◆ **WHAT TO WORK ON**
One part of the entries below is wanted: the lines from the one containing "12. board game box [141,0,217,86]" through the one containing "16. boat shoe [73,53,97,70]". Write those out exactly and nothing else.

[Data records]
>>>
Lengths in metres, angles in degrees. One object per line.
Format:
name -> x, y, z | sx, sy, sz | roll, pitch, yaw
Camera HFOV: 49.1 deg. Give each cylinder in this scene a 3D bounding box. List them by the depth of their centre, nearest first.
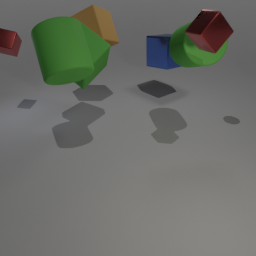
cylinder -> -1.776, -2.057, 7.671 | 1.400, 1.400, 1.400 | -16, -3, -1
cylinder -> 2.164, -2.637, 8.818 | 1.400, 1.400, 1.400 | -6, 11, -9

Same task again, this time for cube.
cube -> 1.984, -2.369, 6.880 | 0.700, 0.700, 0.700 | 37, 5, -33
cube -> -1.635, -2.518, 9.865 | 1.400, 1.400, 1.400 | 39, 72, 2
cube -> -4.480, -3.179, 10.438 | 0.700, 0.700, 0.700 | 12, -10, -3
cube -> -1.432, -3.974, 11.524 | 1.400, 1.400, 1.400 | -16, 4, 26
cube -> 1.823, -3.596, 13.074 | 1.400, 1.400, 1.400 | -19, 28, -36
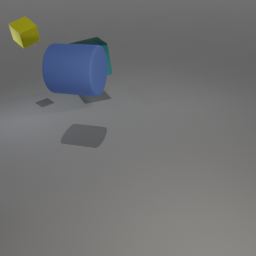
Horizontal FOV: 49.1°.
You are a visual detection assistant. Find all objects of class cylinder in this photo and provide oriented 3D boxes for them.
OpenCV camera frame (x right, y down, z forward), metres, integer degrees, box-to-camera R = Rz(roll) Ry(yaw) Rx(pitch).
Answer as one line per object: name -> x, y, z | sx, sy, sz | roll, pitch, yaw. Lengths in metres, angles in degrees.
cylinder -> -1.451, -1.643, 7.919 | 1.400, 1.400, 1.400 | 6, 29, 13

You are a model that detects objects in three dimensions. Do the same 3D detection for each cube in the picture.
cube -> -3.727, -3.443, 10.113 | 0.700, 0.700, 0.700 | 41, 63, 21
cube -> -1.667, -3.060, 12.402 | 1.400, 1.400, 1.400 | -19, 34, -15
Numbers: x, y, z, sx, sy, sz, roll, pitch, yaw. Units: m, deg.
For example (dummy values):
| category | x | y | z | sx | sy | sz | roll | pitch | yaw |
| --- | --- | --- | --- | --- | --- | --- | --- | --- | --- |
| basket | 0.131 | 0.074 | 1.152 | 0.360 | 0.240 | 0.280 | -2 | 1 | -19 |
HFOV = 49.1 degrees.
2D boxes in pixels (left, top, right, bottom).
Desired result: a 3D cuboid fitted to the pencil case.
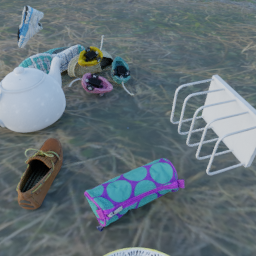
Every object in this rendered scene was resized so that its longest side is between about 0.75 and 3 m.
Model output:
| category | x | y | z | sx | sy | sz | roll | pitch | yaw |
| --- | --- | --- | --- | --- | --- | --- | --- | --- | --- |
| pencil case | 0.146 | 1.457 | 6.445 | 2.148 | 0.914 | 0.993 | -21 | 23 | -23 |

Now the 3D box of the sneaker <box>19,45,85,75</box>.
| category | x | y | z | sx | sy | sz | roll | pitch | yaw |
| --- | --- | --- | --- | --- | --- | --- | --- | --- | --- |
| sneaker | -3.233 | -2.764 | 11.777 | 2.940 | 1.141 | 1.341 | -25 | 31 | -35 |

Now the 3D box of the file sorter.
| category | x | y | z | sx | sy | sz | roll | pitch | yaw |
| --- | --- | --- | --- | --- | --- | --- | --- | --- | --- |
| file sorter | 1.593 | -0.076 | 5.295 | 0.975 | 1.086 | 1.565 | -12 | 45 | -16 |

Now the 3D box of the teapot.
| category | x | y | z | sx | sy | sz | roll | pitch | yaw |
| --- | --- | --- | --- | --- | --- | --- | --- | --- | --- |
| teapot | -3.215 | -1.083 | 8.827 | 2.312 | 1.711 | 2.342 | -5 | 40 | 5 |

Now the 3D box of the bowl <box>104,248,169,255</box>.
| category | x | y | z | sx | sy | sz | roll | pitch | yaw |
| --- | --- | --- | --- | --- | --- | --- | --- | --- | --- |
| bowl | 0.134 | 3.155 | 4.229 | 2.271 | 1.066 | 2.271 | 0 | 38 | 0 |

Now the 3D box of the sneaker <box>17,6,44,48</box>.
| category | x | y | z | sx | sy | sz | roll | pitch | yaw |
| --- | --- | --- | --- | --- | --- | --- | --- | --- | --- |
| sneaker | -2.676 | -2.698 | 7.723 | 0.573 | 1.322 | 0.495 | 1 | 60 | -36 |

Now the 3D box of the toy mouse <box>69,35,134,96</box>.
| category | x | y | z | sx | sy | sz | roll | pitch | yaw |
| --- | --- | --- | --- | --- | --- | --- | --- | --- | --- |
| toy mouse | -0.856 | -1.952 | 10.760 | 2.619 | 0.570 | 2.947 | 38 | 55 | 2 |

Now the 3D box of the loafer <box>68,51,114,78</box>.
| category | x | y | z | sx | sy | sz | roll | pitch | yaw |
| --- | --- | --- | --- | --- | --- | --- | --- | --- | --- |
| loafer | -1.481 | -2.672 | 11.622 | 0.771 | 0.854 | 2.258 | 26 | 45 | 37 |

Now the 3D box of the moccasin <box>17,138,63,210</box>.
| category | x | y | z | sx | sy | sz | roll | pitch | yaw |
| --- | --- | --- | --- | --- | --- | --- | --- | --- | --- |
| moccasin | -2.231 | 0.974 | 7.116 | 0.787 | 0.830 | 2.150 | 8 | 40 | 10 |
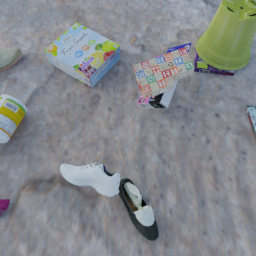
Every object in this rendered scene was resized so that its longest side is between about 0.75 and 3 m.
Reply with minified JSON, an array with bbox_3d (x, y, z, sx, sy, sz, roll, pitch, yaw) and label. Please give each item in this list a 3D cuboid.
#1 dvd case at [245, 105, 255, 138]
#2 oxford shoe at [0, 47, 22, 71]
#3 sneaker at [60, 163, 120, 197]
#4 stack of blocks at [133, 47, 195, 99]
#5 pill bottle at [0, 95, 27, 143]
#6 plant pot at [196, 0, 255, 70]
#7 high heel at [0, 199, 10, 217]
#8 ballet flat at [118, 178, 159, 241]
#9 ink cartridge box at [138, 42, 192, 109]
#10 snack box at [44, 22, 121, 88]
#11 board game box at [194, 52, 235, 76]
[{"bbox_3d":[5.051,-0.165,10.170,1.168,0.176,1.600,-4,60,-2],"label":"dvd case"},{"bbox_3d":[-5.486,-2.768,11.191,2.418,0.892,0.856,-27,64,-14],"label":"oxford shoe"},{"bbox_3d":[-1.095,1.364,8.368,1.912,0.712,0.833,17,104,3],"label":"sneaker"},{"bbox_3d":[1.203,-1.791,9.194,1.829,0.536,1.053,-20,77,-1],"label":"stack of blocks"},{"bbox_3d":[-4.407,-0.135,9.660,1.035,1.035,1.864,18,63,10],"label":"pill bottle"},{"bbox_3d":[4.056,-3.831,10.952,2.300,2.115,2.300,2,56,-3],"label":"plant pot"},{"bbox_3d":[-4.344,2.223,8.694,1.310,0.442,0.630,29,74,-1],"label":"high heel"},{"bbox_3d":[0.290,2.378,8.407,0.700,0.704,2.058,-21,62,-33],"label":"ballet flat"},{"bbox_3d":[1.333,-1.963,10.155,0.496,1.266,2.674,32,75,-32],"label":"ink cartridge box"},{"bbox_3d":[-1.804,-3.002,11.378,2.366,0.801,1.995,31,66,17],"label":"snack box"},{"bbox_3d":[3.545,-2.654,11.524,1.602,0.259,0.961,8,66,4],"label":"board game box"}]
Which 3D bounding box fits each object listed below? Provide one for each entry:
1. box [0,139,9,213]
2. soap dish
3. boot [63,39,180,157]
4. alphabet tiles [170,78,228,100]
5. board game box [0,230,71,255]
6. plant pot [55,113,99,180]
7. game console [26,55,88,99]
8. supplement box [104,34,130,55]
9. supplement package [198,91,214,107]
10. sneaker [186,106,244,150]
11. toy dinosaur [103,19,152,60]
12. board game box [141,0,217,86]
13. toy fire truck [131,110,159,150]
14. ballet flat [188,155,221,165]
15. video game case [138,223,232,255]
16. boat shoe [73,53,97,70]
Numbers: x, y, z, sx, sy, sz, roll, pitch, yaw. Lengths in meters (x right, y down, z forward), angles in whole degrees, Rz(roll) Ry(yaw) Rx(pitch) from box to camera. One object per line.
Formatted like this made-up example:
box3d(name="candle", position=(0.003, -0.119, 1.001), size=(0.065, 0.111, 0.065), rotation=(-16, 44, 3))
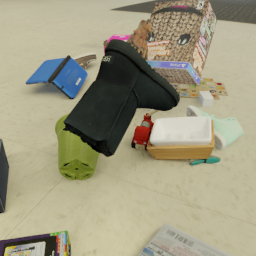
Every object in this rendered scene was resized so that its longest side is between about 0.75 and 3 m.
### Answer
<<<
◆ **YOUR RESPONSE**
12. board game box [141,0,217,86]
13. toy fire truck [131,110,159,150]
14. ballet flat [188,155,221,165]
15. video game case [138,223,232,255]
16. boat shoe [73,53,97,70]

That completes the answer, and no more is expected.